American to charge for first checked bag


American Airlines is trying to cover some of its costs by charging passengers for checked bags, It's also starting to reduce its flight schedule and it's not alone. The official airline guide says that there are nearly 23,000 fewer scheduled flights in the U.S. right now as compared to the same time last year.

Thanks to international travel, SFO is still doing very well on its passenger count. Despite skyrocketing fuel costs that have translated to rising fares for passengers, San Francisco International airport says its projecting a five percent increase in passengers this Memorial Day Weekend and for the remainder of the year.
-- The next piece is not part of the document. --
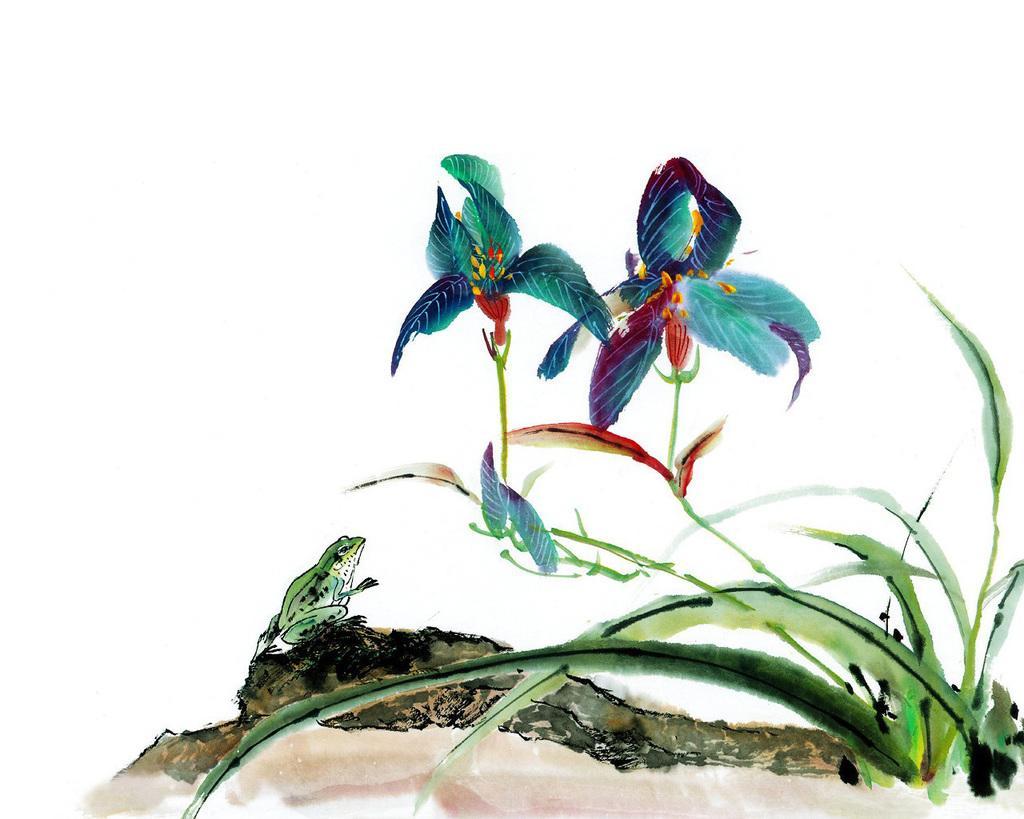Could you give a brief overview of what you see in this image? This looks like a painting. These are the plants with the flowers. I can see a frog sitting on a rock.

"One advantage we have is the Asian market. It represents over 40 percent of our international traffic. We are a gateway to the Pacific cities. There's no doubt about that. The Asian market is the fastest growing market in aviation," says Mike McCarron of SFO.

Indian Airlines' Jet Airways is launching an SFO to Mumbai flight via Shanghai in June. It says the strength of the Indian and Chinese economies support the airline's growth. However, rising fuel prices are still a problem for the airline.

"It is a problem for everybody. Fuel prices are a problem for every airline in the world. We are not immune to that," says Manesh Dureja.

But they are faring far better than US carriers. Airline analysts from J.P. Morgan project losses of more than $7 billion this year, mostly due to skyrocketing fuel prices.

"We're back to the territory after 9/11, when bankruptcies are imminent if this thing continues," says Rick Seaney, CEO of

American Airlines announced it will start charging $15 for the first checked bag. Other airlines could follow and air industry columnist and CEO Rick Seaney says fares are already up and will continue to rise. And even then, airlines will still be in the red.

"I think it actually absolutely will not cover their operating costs. Gary Kelly CEO of Southwest Airlines a few weeks ago and said no airline could make money at $120 a barrel. So, right now it's at over $130," says Seaney.

It could get even worse if people stay home because it's too expensive to fly.

"I will be cutting back. Cutting back on driving, everything fuel related right now," says one traveler.

Seaney tells us that the Air Transportation Association shows pretty good bookings for summer travel, off only about one percent from last year. Come fall, when fares are already discounted, they probably won't be, and that's when we can expect to see passenger traffic to take a dive.